Но классическим для Японии примером вымогательства по-крупному является сокайя профессиональные корпоративные вымогатели. Этот термин можно перевести дословно как «специали­сты по собраниям акционеров». Обычно эти вымогатели приобрета­ют акции компаний и корпораций, выискивают информацию, компрометирующую менеджмент и руководство компании и шанта­жируют компанию. Согласно обследованиям, 70% прибыли сокайя поступает в гангстерские синдикаты. Разнообразие и изощренность методов сокайя прогрессируют в последние годы.

В настоящее время якудза переживают серьезную трансформа­цию. Их замкнутый мир гири-ниндзё, татуировок, отрубленных пальцев и прочей атрибутики экс-самурайской доблести ухолит в прошлое, Как в свое время самураи, отложив в сторону меч, взялись за бухгалтерские книги и балансы, так и нынешним якудза пришла пора расставаться с прежней идеологией и старыми представления­ми. Вместо этого в конце XX в. они оказываются в мире, где крими­нальные методы зарабатывания денег становятся все более тонкими и циничными, а общественный имидж благородных разбойников остается уделом воспоминаний и художественных фильмов. Меняет­ся и внутренняя структура управления криминальными группиров­ками, слабеет традиционная система преданности боссу. Новым феноменом является перенос значительной части операций за преде­лы страны, кооперация с зарубежными преступными сообществами от Гонолулу до Сан Пауло. «Новое поколение гангстеров слишком занято зарабатыванием денег в Гонолулу или Гонконге, чтобы думать об отрубленных фалангах пальцев или церемониях с сакэ.» (с.273)

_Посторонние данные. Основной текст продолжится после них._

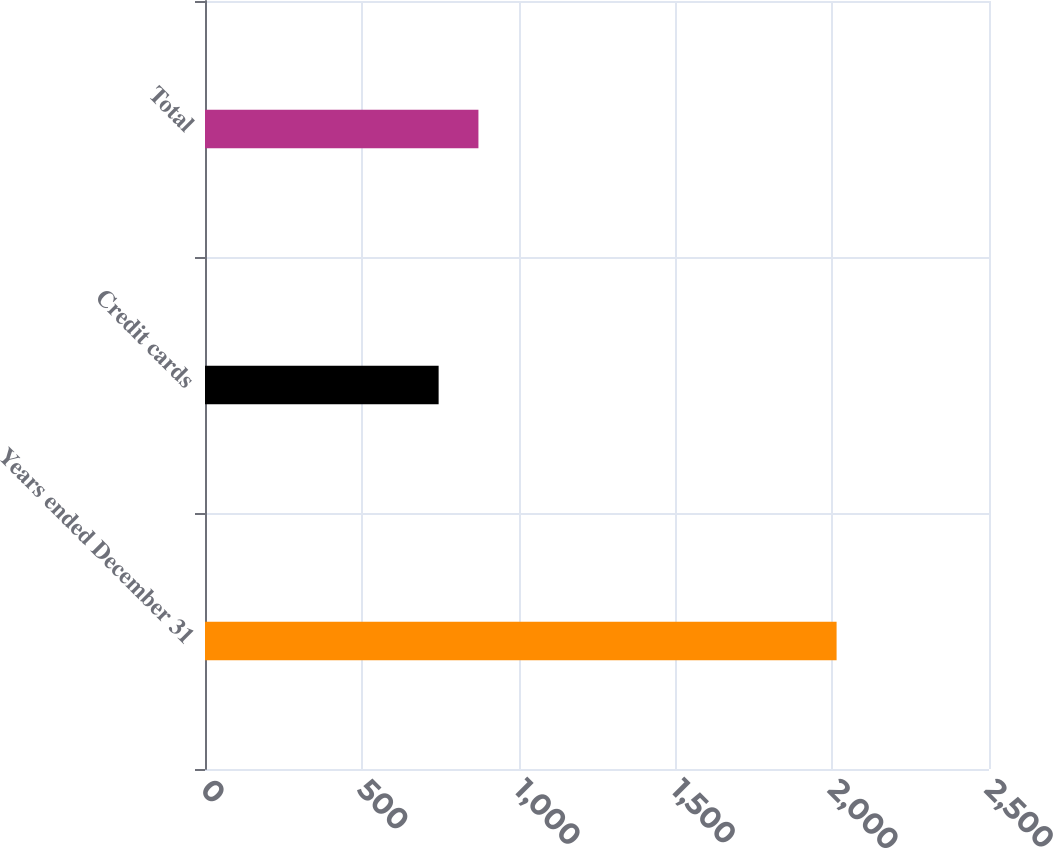Convert chart. <chart><loc_0><loc_0><loc_500><loc_500><bar_chart><fcel>Years ended December 31<fcel>Credit cards<fcel>Total<nl><fcel>2014<fcel>745<fcel>871.9<nl></chart>

Современные якудза эволюционируют в сторону большей по­хожести на их американских коллег, арсенал их методов также стано­вится более современным и изощренным. Идет тенденция к интернационализации. Растет прослойка интери якудза, «интеллекту­альных якудза», связанных с беловоротничковой преступной дея­тельностью. Для полиции эти преступления сложнее отслеживать и, тем более, наказывать за них. При этом степень насильственности и агрессивности криминальных действий не снижается, а, наоборот, возрастает, преступность приобретает более «западный» характер.

В XX в. якудза длительное время играл особую политическую роль, оказываясь для определенных сил ключом к власти. На протя­жении десятилетий рядовые японцы привыкли мириться с сущест­вованием якудза и создавали общественные мифы, чтобы оправдать это сосуществование. Эта идиллия постепенно рушится. Сумеют ли японцы использовать этот момент, чтобы серьезным образом изме­нить отношения между обществом и миром оргпреступности и со­здать новые защитные механизмы от него? Трудно сказать. Организованная преступность была очень сильна весь послевоенный период и ее почти невозможно ликвидировать. Но ее дальнейшей экспансии можно поставить эффективный заслон.